┌─ Data records

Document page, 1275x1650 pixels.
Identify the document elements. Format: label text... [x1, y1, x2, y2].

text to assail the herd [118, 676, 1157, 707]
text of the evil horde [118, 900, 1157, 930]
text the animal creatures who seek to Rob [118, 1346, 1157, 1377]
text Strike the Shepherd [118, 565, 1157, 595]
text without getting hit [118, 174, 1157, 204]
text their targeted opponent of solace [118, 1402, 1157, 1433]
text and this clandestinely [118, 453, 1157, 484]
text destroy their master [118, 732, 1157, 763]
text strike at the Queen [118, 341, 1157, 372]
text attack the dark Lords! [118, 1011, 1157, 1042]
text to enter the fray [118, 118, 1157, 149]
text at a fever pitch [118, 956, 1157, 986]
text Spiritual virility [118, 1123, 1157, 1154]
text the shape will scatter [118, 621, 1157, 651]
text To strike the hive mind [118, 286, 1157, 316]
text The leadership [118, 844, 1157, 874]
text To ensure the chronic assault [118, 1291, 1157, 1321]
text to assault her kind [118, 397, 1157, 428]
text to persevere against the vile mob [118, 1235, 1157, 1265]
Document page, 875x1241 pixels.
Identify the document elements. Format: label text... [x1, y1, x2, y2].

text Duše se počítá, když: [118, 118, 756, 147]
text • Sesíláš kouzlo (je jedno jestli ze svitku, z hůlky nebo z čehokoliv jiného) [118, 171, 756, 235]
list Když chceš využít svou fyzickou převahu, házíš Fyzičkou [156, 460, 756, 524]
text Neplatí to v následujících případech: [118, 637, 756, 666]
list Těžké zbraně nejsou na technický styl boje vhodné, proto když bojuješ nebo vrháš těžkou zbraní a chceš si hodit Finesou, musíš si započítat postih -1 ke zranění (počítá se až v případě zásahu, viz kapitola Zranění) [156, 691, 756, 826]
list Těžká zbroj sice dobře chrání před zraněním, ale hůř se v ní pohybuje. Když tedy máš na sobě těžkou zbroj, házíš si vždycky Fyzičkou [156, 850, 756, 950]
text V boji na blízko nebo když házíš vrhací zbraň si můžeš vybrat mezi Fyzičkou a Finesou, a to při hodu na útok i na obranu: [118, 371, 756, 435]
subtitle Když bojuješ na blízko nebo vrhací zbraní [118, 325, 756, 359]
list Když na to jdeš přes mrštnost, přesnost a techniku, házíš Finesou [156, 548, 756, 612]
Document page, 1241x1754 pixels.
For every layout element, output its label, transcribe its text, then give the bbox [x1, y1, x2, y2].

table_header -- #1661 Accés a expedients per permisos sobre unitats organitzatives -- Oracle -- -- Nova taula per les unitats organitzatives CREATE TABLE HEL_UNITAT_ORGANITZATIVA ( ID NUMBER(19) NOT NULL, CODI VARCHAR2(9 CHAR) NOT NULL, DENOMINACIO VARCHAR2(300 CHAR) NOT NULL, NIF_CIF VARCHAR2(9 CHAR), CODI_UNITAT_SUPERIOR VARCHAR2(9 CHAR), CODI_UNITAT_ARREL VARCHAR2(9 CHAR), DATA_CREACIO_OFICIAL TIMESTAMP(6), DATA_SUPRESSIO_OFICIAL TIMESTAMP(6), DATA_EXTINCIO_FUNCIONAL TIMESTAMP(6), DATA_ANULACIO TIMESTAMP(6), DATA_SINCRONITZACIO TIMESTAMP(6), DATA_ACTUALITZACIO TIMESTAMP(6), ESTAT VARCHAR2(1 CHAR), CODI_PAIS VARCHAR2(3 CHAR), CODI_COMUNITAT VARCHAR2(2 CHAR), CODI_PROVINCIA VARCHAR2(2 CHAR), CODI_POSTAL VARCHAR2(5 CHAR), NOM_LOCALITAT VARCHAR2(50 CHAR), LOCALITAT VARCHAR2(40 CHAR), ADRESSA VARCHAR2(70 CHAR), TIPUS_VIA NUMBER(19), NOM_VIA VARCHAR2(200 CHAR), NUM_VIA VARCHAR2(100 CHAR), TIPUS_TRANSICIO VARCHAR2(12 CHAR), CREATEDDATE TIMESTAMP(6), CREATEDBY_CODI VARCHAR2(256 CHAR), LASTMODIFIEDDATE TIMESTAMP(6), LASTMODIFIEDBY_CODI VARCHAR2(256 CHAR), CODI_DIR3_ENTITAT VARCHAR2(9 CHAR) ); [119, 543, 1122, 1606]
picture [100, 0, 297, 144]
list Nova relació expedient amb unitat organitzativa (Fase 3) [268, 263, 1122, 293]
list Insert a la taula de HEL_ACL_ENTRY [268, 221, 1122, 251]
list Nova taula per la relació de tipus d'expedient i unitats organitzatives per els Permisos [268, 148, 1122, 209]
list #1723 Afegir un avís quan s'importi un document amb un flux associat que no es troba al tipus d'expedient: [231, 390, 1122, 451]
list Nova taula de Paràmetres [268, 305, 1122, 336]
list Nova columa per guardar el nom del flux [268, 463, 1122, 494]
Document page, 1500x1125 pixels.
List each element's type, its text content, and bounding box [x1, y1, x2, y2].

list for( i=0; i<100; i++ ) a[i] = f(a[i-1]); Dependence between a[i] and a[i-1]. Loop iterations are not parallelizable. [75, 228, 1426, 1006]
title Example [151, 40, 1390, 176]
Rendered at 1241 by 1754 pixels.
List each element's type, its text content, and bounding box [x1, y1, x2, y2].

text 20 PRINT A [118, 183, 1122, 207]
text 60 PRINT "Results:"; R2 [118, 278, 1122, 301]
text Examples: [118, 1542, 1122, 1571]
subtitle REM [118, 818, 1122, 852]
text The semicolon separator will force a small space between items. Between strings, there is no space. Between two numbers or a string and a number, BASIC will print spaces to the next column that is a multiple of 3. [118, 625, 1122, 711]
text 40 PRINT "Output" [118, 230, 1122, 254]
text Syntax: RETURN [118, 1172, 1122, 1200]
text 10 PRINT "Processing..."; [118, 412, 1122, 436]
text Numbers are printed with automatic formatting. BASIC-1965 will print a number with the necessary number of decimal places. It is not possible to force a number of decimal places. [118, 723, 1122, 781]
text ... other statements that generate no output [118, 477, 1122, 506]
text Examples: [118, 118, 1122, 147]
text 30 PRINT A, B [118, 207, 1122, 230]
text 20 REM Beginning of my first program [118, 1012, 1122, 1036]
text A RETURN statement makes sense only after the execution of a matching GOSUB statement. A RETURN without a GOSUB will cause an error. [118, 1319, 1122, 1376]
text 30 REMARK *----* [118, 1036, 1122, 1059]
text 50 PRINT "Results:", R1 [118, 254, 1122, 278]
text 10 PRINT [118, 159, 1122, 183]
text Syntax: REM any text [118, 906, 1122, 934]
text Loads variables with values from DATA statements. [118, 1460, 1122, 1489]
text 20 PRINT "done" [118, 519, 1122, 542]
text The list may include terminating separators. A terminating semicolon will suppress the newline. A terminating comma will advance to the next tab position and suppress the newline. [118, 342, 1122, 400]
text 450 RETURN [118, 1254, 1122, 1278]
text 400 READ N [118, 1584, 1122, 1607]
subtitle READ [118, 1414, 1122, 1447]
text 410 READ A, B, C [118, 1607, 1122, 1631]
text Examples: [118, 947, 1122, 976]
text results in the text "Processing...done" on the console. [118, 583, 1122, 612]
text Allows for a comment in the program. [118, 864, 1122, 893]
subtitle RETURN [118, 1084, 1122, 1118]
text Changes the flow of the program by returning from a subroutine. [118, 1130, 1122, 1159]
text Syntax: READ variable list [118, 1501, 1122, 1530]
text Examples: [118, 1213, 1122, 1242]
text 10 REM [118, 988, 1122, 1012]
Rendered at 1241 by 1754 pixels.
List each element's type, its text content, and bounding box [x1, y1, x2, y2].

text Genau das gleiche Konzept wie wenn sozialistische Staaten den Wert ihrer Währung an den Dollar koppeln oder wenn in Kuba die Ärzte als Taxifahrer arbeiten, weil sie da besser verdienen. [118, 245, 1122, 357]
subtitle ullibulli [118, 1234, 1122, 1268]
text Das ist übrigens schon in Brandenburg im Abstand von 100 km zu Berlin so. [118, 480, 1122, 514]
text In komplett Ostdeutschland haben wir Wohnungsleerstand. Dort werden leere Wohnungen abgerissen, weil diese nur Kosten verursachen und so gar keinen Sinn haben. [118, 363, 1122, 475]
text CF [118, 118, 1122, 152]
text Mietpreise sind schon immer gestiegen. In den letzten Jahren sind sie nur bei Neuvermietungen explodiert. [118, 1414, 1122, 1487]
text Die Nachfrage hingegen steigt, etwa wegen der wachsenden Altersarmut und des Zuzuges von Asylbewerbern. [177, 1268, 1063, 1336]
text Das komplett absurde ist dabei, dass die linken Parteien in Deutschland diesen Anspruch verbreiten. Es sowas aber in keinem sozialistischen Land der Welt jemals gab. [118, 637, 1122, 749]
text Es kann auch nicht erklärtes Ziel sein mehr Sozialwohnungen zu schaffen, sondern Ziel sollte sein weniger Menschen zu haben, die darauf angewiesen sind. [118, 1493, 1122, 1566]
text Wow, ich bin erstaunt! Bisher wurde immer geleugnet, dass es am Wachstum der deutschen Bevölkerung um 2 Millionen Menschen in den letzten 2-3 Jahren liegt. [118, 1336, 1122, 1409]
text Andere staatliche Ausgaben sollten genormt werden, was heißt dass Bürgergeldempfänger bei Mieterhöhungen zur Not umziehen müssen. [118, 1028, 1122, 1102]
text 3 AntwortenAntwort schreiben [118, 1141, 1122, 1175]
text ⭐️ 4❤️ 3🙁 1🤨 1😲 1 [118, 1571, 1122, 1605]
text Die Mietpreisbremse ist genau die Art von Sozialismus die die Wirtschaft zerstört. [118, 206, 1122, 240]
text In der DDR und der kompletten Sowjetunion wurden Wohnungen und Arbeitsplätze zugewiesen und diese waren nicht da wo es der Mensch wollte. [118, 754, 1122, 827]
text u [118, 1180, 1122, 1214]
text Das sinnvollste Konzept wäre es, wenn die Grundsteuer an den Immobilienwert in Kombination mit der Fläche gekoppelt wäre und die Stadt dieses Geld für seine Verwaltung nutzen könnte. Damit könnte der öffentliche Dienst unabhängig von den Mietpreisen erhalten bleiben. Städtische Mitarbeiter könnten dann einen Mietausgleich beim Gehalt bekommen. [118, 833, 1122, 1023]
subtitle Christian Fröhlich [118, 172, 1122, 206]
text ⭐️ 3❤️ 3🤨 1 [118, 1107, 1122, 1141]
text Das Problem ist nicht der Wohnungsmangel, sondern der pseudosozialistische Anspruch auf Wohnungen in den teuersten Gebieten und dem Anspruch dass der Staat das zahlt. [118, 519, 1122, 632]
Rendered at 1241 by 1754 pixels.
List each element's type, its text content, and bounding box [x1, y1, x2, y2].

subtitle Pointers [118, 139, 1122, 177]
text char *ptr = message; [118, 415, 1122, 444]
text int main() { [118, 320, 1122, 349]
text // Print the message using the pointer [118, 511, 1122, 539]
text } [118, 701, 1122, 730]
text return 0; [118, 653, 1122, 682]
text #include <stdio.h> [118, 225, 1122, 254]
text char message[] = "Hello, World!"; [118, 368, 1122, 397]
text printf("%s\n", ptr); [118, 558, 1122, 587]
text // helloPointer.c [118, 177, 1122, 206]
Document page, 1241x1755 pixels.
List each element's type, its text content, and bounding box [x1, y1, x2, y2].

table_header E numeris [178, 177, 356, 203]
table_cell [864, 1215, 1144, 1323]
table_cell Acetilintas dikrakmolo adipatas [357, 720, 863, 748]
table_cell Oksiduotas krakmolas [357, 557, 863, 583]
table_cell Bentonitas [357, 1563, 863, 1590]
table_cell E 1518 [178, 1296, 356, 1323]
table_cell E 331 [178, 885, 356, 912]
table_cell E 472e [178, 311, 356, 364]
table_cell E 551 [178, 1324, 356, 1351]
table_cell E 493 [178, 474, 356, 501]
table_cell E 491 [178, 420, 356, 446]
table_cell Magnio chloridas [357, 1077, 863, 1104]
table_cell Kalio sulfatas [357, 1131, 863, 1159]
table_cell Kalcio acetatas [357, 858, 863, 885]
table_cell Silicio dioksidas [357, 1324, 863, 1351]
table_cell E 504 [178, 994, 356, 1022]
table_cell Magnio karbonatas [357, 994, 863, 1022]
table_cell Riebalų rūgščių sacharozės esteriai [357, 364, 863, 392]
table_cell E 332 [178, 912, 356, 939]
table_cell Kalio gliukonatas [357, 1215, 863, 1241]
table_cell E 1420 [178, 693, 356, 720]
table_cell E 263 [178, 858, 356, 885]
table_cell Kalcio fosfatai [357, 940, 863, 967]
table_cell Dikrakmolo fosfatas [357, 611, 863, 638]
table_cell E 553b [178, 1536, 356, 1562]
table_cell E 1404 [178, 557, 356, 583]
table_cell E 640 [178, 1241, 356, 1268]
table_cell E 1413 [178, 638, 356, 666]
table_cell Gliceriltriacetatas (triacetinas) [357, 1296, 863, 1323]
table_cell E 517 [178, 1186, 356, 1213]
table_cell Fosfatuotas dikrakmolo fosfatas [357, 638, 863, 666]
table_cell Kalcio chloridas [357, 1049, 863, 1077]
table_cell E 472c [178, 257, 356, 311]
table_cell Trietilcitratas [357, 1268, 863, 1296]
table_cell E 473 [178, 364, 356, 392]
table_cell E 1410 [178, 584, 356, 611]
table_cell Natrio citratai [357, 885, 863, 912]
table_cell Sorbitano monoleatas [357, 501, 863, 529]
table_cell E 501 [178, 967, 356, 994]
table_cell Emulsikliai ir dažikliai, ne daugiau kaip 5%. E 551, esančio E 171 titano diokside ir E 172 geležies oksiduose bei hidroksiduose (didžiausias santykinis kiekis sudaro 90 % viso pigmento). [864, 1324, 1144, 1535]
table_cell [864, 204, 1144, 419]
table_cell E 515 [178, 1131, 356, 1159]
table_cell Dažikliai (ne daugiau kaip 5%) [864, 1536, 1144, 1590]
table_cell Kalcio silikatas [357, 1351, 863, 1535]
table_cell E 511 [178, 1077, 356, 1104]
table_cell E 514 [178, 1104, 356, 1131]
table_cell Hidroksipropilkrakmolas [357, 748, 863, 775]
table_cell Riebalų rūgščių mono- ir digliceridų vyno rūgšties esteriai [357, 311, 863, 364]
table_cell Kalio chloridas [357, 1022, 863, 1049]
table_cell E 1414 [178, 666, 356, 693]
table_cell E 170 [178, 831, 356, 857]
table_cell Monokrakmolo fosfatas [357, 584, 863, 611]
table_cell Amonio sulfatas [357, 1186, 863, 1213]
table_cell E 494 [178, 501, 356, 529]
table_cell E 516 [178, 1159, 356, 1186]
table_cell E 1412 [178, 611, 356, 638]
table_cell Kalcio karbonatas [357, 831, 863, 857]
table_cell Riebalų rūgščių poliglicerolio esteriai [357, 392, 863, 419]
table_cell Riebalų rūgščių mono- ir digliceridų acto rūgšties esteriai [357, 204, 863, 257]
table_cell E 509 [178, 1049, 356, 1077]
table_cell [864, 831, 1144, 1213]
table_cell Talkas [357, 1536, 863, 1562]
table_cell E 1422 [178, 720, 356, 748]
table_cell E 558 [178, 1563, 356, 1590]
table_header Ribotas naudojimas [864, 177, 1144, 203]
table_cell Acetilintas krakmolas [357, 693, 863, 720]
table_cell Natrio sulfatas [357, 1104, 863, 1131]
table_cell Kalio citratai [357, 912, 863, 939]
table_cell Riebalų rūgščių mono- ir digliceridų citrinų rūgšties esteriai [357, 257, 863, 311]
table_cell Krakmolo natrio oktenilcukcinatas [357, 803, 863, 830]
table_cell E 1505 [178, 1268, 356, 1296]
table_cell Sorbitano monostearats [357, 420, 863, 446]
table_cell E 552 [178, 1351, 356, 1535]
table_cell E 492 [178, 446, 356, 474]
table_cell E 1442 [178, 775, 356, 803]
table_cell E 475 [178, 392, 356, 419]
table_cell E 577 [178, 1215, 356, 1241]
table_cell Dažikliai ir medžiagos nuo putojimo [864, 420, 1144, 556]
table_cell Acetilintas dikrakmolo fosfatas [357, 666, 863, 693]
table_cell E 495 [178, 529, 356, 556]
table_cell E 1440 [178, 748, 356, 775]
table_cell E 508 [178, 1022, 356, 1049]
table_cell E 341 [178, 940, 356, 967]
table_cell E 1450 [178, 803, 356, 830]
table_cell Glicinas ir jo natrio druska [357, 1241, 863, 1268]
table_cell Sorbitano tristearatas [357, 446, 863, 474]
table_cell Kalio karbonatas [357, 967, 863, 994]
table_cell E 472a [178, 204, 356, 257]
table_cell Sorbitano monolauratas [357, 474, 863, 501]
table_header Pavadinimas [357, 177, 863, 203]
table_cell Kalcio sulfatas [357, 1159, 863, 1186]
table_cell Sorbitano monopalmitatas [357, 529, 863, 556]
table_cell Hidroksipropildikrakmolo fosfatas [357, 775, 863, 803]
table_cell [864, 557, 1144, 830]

└─

From the entries above, return exactly the line containing "table_cell E 493 [178, 474, 356, 501]", the line containing "table_cell E 1420 [178, 693, 356, 720]", and all lines between, and nothing else.

table_cell E 493 [178, 474, 356, 501]
table_cell E 491 [178, 420, 356, 446]
table_cell Magnio chloridas [357, 1077, 863, 1104]
table_cell Kalio sulfatas [357, 1131, 863, 1159]
table_cell Kalcio acetatas [357, 858, 863, 885]
table_cell Silicio dioksidas [357, 1324, 863, 1351]
table_cell E 504 [178, 994, 356, 1022]
table_cell Magnio karbonatas [357, 994, 863, 1022]
table_cell Riebalų rūgščių sacharozės esteriai [357, 364, 863, 392]
table_cell E 332 [178, 912, 356, 939]
table_cell Kalio gliukonatas [357, 1215, 863, 1241]
table_cell E 1420 [178, 693, 356, 720]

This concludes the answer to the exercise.